7. Use RMB .withTrans(..) implementation that automatically commits or rollbacks transaction if future was failed - https://github.com/folio-org/raml-module-builder/blob/b35.0/domain-models-runtime/src/main/java/org/folio/rest/persist/PostgresClient.java#L3754
All methods that do creating or editing of entities should add this step to save outbox event in the same DB transaction. This flow does the following:
- starts new transaction,
- creates or edits business entity,
- saves audit outbox event with full entity snapshot,
- commits transaction,
- subscribe to .onCompleted of .withTrans(..) and after transaction finishes, invokes processing of audit outbox logs, see #6 step
Examples of usages:
https://github.com/folio-org/mod-orders-storage/blob/master/src/main/java/org/folio/rest/impl/PurchaseOrdersAPI.java#L80
https://github.com/folio-org/mod-orders-storage/blob/master/src/main/java/org/folio/services/lines/PoLinesService.java#L107
8. Add a timer interface to invoke each 30 mins and process existed outbox audit events.
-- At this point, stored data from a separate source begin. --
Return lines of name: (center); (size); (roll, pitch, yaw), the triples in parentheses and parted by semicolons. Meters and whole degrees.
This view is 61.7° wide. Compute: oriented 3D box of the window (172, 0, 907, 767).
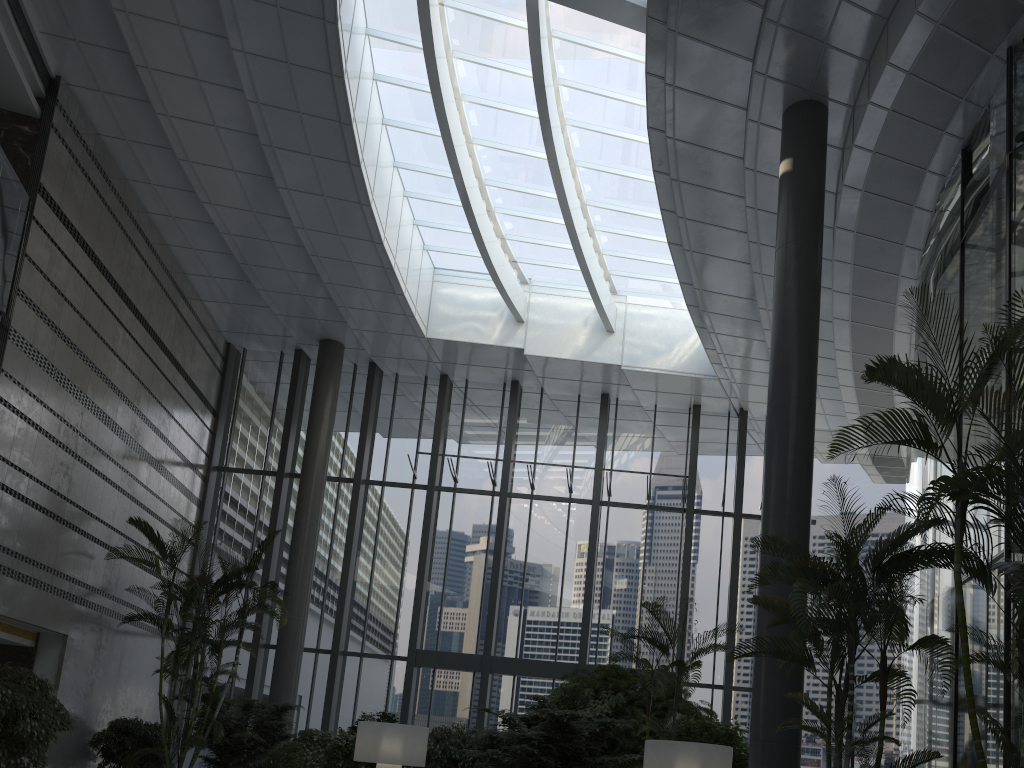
window: (-1.033, 0.077, 8.807); (13.445, 9.418, 20.199); (0, -22, 14)

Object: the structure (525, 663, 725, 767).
structure: (1.450, 5.554, 12.569); (3.731, 2.787, 3.433); (1, -19, 13)

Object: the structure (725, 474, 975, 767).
structure: (2.588, 2.647, 6.672); (1.687, 3.519, 2.125); (9, -14, -14)

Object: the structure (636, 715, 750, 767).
structure: (2.117, 4.845, 9.888); (1.556, 2.006, 1.692); (-8, -21, 41)

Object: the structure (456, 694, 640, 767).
structure: (0.360, 5.041, 10.921); (2.273, 2.193, 2.460); (9, -18, -12)

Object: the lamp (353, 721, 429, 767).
lamp: (-1.489, 4.846, 10.108); (0.825, 1.577, 0.903); (1, -14, 18)

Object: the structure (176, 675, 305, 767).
structure: (-4.286, 5.765, 13.447); (1.909, 2.163, 1.943); (10, -17, -14)

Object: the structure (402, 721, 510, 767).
structure: (-0.790, 5.820, 12.401); (1.992, 1.783, 1.774); (-6, -20, 31)

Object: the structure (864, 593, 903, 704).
structure: (6.449, 5.095, 12.428); (2.509, 4.396, 2.616); (10, -14, -17)

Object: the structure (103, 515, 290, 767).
structure: (-4.665, 4.155, 12.576); (2.515, 4.396, 2.606); (4, -13, 7)

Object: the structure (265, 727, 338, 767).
structure: (-2.956, 5.918, 12.742); (1.516, 1.516, 1.616); (16, -20, -30)

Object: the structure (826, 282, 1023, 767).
structure: (3.159, 1.510, 5.064); (2.509, 4.396, 2.616); (10, -14, -17)

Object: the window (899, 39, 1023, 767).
window: (6.165, 2.239, 9.873); (4.221, 7.477, 16.526); (5, -21, 3)

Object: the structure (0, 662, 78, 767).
structure: (-6.001, 4.147, 9.811); (1.612, 1.858, 2.193); (-4, -20, 30)

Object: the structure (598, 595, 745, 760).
structure: (1.656, 3.912, 9.396); (1.444, 3.268, 1.264); (9, -12, -14)

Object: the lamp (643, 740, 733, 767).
lamp: (1.625, 4.249, 8.140); (0.890, 1.578, 0.838); (16, -16, -37)

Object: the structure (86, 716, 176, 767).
structure: (-5.716, 5.742, 12.829); (1.123, 1.456, 1.503); (-8, -22, 41)

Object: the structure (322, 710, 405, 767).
structure: (-2.134, 5.622, 12.309); (1.227, 1.855, 1.487); (-1, -17, 26)

Timer interface was added to be on the safe side during failures, for example when transaction committed, but module was destroyed
during .onComplete() invocation and there is no any other edits from user to pick up all remaining audit events after module restart. In this case timer invocation will process remaining not sent yet events. This timer interface invokes AuditOutboxService, see #6 step
https://github.com/folio-org/mod-orders-storage/blob/master/descriptors/ModuleDescriptor-template.json#L544
https://github.com/folio-org/mod-orders-storage/blob/master/src/main/java/org/folio/rest/impl/AuditOutboxAPI.java
Recommended Tests
How does Postgres handle a sudden loss of connection between an application and a database when using the select for update construct?
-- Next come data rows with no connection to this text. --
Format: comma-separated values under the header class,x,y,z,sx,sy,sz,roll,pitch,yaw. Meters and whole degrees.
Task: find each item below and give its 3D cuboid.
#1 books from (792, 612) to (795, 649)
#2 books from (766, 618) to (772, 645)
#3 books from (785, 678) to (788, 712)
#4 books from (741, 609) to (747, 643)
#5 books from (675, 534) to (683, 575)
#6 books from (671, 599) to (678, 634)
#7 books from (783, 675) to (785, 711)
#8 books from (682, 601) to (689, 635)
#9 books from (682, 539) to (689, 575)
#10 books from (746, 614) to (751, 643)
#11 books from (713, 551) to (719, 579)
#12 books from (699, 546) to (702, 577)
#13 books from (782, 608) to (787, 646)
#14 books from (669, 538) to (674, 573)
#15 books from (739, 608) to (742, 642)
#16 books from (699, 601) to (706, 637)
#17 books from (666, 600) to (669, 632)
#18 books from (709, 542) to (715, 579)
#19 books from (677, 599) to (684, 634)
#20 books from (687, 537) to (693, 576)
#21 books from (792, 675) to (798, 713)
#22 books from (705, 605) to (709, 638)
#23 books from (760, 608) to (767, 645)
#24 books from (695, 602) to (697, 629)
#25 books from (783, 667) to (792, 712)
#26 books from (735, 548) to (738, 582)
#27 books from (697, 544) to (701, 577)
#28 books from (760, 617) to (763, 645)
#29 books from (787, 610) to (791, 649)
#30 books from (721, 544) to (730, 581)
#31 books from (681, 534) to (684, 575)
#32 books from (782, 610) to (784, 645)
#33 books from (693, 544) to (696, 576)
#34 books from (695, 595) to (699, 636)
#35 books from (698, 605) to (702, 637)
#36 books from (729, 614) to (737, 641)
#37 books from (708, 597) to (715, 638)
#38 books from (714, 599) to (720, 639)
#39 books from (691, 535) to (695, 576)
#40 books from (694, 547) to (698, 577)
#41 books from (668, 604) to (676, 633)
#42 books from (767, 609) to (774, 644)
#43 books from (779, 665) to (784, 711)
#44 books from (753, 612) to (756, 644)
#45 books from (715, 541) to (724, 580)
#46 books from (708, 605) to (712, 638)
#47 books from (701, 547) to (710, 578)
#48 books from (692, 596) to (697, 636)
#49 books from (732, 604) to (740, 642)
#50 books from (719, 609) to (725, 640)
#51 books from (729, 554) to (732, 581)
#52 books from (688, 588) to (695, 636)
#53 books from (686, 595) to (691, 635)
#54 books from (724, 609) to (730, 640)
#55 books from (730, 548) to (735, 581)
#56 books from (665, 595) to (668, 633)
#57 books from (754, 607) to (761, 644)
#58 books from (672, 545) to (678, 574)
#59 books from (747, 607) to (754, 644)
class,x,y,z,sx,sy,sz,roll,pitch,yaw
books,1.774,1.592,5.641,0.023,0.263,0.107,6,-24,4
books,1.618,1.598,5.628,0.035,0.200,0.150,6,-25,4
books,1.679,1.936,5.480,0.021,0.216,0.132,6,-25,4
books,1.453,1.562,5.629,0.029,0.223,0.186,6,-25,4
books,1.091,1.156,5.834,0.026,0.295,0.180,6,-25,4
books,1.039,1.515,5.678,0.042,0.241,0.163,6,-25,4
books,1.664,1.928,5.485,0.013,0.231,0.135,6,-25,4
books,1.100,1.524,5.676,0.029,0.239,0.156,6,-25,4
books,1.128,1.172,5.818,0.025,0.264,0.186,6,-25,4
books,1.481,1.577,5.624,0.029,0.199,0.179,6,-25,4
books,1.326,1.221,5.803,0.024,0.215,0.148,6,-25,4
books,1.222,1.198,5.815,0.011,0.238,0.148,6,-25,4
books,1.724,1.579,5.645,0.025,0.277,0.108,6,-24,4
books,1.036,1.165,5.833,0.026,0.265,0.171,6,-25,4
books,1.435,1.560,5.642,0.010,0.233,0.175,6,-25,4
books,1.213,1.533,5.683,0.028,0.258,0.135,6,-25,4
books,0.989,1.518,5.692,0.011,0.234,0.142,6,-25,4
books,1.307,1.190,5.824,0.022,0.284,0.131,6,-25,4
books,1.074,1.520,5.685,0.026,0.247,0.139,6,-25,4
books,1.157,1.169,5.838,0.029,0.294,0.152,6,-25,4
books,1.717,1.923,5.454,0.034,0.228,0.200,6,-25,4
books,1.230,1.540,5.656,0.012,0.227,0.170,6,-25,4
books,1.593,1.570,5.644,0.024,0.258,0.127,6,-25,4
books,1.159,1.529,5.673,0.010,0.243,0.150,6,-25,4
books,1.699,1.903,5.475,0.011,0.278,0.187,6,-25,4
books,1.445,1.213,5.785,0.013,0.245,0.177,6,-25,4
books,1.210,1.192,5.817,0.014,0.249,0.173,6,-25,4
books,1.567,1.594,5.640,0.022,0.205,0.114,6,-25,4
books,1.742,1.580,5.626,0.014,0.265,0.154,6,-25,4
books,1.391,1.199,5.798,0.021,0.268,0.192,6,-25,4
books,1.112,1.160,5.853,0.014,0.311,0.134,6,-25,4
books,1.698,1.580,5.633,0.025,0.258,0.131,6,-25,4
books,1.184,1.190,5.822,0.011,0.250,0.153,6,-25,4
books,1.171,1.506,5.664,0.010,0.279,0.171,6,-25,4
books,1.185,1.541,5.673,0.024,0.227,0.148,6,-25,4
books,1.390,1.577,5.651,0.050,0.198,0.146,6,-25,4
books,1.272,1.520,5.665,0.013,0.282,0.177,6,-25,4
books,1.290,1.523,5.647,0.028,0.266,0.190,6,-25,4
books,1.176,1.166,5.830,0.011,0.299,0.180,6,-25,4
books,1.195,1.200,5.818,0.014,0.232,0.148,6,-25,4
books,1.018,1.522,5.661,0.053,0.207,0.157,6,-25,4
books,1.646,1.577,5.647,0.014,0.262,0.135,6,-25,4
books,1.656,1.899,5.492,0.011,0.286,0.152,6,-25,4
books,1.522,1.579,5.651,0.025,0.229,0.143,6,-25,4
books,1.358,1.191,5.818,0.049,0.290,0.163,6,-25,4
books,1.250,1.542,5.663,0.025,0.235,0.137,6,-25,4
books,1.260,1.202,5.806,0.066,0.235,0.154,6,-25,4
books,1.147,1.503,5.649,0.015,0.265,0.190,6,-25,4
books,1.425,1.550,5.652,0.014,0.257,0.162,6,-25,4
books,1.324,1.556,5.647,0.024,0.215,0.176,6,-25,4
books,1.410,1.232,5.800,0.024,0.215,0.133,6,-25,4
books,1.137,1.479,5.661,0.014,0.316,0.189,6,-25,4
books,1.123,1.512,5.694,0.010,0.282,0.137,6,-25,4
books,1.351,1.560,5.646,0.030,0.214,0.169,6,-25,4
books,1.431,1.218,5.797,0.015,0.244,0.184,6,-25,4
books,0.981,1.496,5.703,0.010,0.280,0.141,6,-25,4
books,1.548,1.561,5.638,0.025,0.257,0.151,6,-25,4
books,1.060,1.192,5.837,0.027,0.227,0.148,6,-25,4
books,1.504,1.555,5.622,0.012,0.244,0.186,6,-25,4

Assumption: if the application executed a select for update query and locked some row in the table, then in case of incorrect closing of the connection between this application and the database (i.e. without an explicit commit or rollback), the imposed lock will be released by the database engine itself.
Test: connect to a Postgres database in a test application, execute select for update on the outbox_table_blocker table to block it, break the connection without an explicit commit / rollback (for example, stop the instance, or terminate the execution of the thread, or break the connection using some kind of test proxy) and check if the row in outbox_table_blocker remains blocked or not, can another test application execute select for update on the same row?
What is the expected performance of the proposed implementation of the Transactional Outbox pattern?
Assumption: performance, measured by the number of events that can be transferred from the table to Kafka per unit of time, is acceptable.
Important: in fact, the acceptance criterion is quite vague. Are 10 events per second acceptable? 100? 1000 or more? Probably the expected performance depends on the usage scenario. Therefore, the task of the test is to measure the performance of the proposed implementation of the Transactional Outbox pattern and formulate it as a baseline metric.
Test: Prepare N events in outbox_table (for example, 100 thousand). Enable the main logic of reading events from the outbox_table and sending them to Kafka. Measure how much time it will take to process all 100K events.